The include files in a header should only be those necessary to support that header. For example, if your header declares a vector, you should include vector, but there's no reason to include string. You should be able to have an empty program that only includes that single header file and will compile.
Within the source code, you need includes for everything you call, of course. If none of your headers required iostream but you needed it for the actual source, it should be included separately.
Include file pollution is, in my opinion, one of the worst forms of code rot.
edit: Heh. Looks like the parser eats the > and < symbols.
You would make all other files including your header file transitively include all the #includes in your header too.
In C++ (as in C) #include is handled by the preprocessor by simply inserting all the text in the #included file in place of the #include statement. So with lots of #includes you can literally boast the size of your compilable file to hundreds of kilobytes - and the compiler needs to parse all this for every single file. Note that the same file included in different places must be reparsed again in every single place where it is #included!

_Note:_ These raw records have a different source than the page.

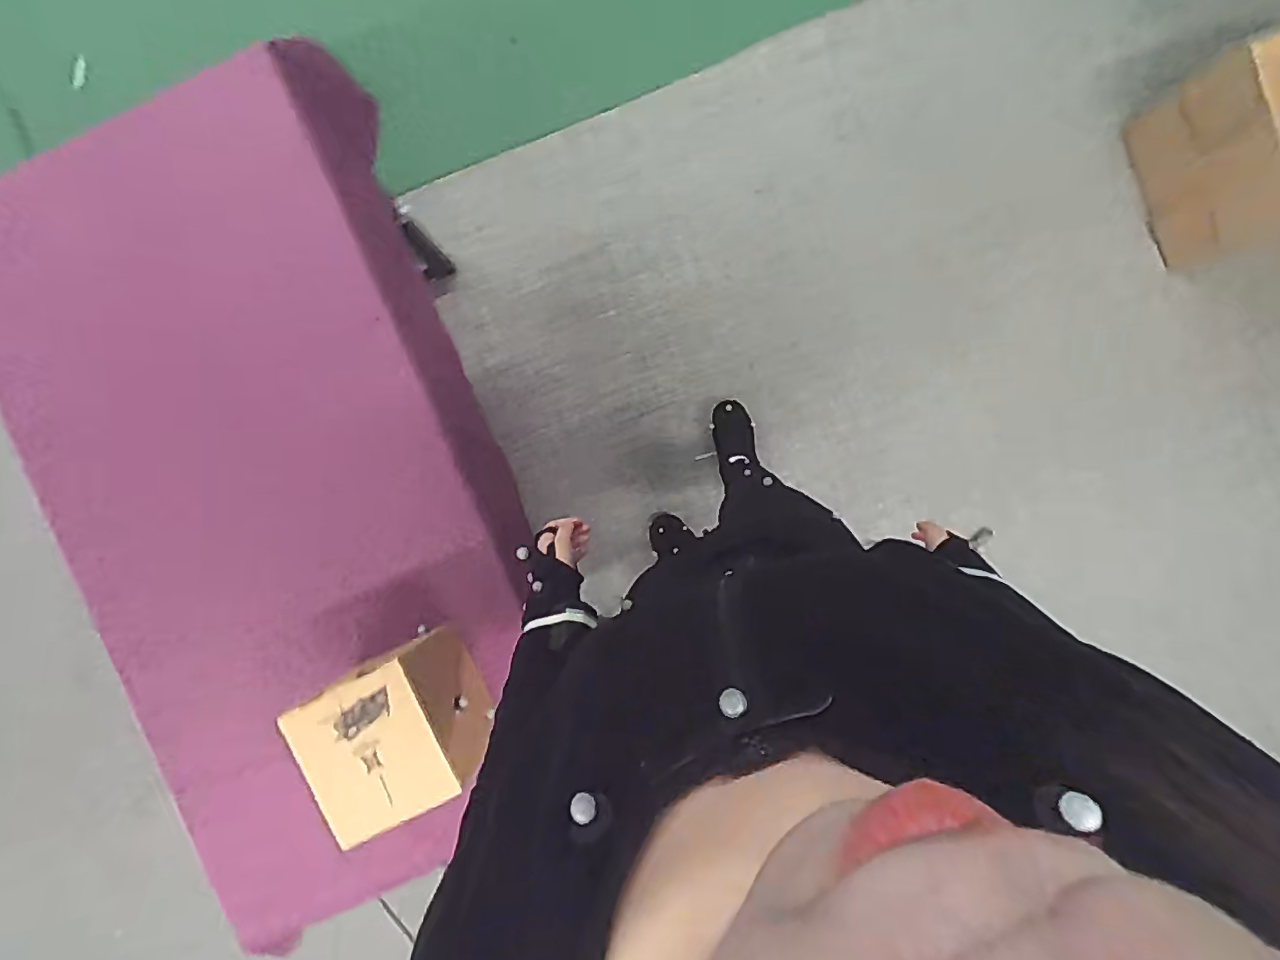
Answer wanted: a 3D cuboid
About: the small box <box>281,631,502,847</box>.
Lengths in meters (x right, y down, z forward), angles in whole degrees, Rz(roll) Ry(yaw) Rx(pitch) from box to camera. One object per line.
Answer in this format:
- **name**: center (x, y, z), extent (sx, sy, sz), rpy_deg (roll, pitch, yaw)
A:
- **small box**: center (-0.309, 0.318, 0.710), extent (0.168, 0.176, 0.179), rpy_deg (-27, 91, 3)
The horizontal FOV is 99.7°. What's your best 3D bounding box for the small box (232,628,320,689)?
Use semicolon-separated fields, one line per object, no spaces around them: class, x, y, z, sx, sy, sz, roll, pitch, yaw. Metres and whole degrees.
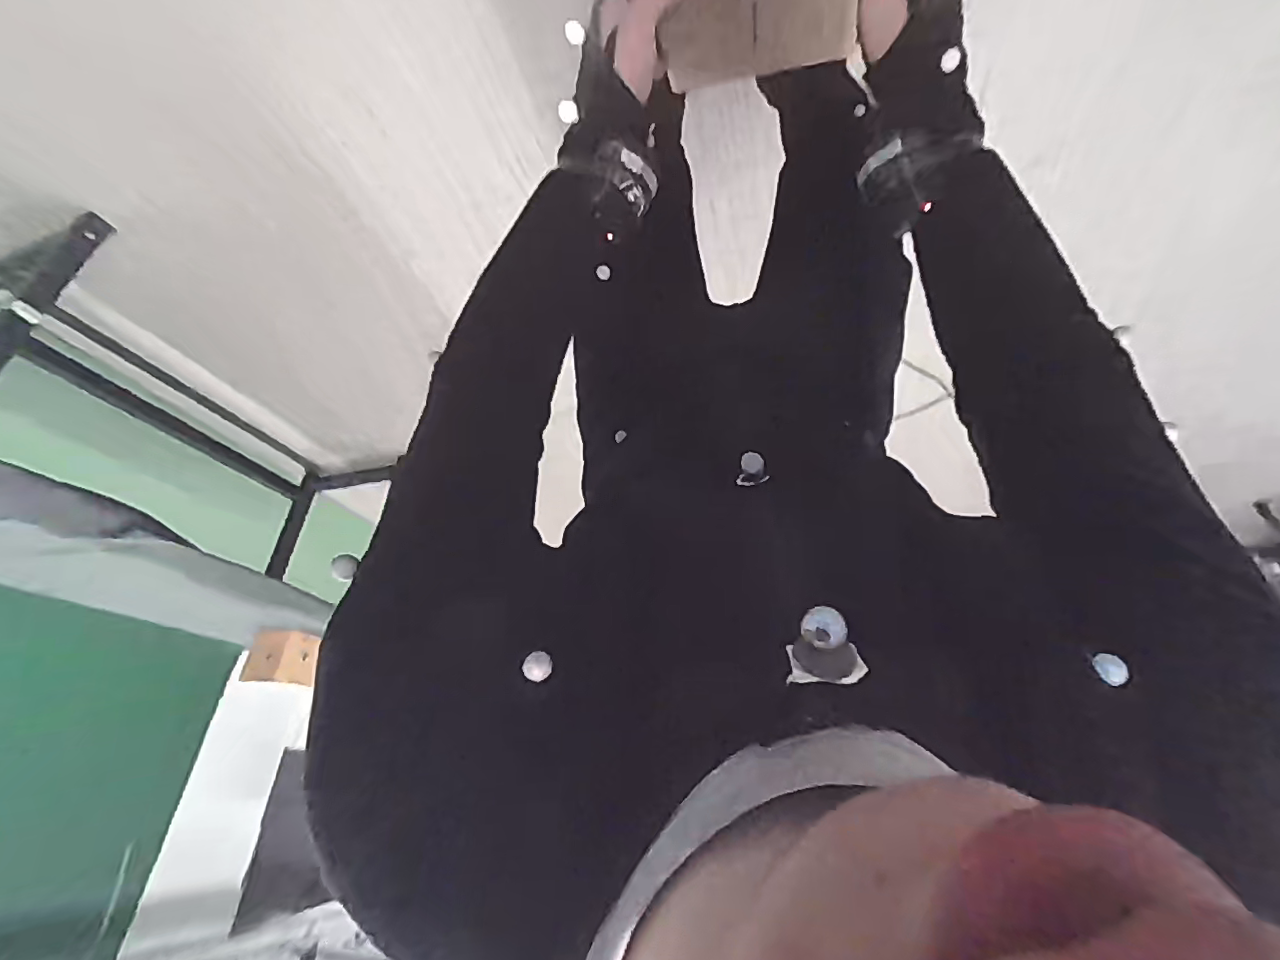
small box;-1.240;0.615;1.861;0.179;0.176;0.168;-9;148;18

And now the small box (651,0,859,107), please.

This can slow down the compilation to a crawl.
If you need to declare (but not define) things in your header, use forward declaration instead of #includes.
While a header file should include only what it needs, "what it needs" is more fluid than you might think, and is dependent on the purpose to which you put the header. What I mean by this is that some headers are actually interface documents for libraries or other code. In those cases, the headers must include (and probably #include) everything another developer will need in order to correctly use your library.
Including header files from within header files is fine, so is including in c++ files, however, to minimize build times it is generally preferable to avoid including a header file from within another header unless absolutely necessary especially if many c++ files include the same header.
.hh (or .h) files are supposed to be for declarations.
.cpp (or .cc) files are supposed to be for definitions and implementations.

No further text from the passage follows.